• [DATASET EXCERPTS]
******************************
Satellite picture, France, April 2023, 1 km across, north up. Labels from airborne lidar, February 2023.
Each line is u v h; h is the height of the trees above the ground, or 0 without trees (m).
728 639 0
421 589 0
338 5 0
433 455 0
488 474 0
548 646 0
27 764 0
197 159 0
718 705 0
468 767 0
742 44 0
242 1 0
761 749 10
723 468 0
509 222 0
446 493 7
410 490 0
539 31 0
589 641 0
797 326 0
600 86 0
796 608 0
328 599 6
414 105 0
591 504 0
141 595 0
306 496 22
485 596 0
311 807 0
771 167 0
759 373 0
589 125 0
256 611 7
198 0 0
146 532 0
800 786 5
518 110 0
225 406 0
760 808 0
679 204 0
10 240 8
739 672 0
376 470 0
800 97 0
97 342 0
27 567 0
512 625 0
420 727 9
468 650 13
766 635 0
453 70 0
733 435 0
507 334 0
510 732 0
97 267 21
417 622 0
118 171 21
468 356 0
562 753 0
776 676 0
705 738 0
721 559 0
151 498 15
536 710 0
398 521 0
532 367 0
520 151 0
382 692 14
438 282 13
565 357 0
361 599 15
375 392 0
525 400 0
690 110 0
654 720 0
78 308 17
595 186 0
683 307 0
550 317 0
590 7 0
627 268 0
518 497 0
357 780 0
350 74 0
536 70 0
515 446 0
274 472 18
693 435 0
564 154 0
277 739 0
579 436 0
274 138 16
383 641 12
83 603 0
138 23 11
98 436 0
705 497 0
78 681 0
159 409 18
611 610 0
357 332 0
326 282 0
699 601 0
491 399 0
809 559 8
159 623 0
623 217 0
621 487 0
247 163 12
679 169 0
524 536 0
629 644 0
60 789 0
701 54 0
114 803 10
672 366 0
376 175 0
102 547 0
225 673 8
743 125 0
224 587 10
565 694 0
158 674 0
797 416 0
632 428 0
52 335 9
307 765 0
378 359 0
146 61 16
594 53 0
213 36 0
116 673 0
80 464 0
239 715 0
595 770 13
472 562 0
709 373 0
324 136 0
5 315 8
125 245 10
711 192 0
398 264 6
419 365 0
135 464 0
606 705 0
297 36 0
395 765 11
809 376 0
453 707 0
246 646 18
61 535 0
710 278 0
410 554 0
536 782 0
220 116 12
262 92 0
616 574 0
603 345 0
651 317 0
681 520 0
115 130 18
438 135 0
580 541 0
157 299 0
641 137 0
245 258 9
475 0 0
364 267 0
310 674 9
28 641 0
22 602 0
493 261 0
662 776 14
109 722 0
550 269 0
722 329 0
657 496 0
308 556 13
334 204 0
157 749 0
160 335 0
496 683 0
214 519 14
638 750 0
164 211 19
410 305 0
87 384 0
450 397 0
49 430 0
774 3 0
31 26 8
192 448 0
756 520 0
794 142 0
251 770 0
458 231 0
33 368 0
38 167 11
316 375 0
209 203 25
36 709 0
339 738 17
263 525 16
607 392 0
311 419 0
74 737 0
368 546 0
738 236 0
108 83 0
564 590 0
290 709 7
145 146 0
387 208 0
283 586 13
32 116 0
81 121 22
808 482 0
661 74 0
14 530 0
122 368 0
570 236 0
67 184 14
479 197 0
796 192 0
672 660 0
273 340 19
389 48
******************************
• [WORK INSTRUCTIONS]
What is needed here is an exact copy of every record.

• [EXERCISE OUTPUT]
Satellite picture, France, April 2023, 1 km across, north up. Labels from airborne lidar, February 2023.
Each line is u v h; h is the height of the trees above the ground, or 0 without trees (m).
728 639 0
421 589 0
338 5 0
433 455 0
488 474 0
548 646 0
27 764 0
197 159 0
718 705 0
468 767 0
742 44 0
242 1 0
761 749 10
723 468 0
509 222 0
446 493 7
410 490 0
539 31 0
589 641 0
797 326 0
600 86 0
796 608 0
328 599 6
414 105 0
591 504 0
141 595 0
306 496 22
485 596 0
311 807 0
771 167 0
759 373 0
589 125 0
256 611 7
198 0 0
146 532 0
800 786 5
518 110 0
225 406 0
760 808 0
679 204 0
10 240 8
739 672 0
376 470 0
800 97 0
97 342 0
27 567 0
512 625 0
420 727 9
468 650 13
766 635 0
453 70 0
733 435 0
507 334 0
510 732 0
97 267 21
417 622 0
118 171 21
468 356 0
562 753 0
776 676 0
705 738 0
721 559 0
151 498 15
536 710 0
398 521 0
532 367 0
520 151 0
382 692 14
438 282 13
565 357 0
361 599 15
375 392 0
525 400 0
690 110 0
654 720 0
78 308 17
595 186 0
683 307 0
550 317 0
590 7 0
627 268 0
518 497 0
357 780 0
350 74 0
536 70 0
515 446 0
274 472 18
693 435 0
564 154 0
277 739 0
579 436 0
274 138 16
383 641 12
83 603 0
138 23 11
98 436 0
705 497 0
78 681 0
159 409 18
611 610 0
357 332 0
326 282 0
699 601 0
491 399 0
809 559 8
159 623 0
623 217 0
621 487 0
247 163 12
679 169 0
524 536 0
629 644 0
60 789 0
701 54 0
114 803 10
672 366 0
376 175 0
102 547 0
225 673 8
743 125 0
224 587 10
565 694 0
158 674 0
797 416 0
632 428 0
52 335 9
307 765 0
378 359 0
146 61 16
594 53 0
213 36 0
116 673 0
80 464 0
239 715 0
595 770 13
472 562 0
709 373 0
324 136 0
5 315 8
125 245 10
711 192 0
398 264 6
419 365 0
135 464 0
606 705 0
297 36 0
395 765 11
809 376 0
453 707 0
246 646 18
61 535 0
710 278 0
410 554 0
536 782 0
220 116 12
262 92 0
616 574 0
603 345 0
651 317 0
681 520 0
115 130 18
438 135 0
580 541 0
157 299 0
641 137 0
245 258 9
475 0 0
364 267 0
310 674 9
28 641 0
22 602 0
493 261 0
662 776 14
109 722 0
550 269 0
722 329 0
657 496 0
308 556 13
334 204 0
157 749 0
160 335 0
496 683 0
214 519 14
638 750 0
164 211 19
410 305 0
87 384 0
450 397 0
49 430 0
774 3 0
31 26 8
192 448 0
756 520 0
794 142 0
251 770 0
458 231 0
33 368 0
38 167 11
316 375 0
209 203 25
36 709 0
339 738 17
263 525 16
607 392 0
311 419 0
74 737 0
368 546 0
738 236 0
108 83 0
564 590 0
290 709 7
145 146 0
387 208 0
283 586 13
32 116 0
81 121 22
808 482 0
661 74 0
14 530 0
122 368 0
570 236 0
67 184 14
479 197 0
796 192 0
672 660 0
273 340 19
389 48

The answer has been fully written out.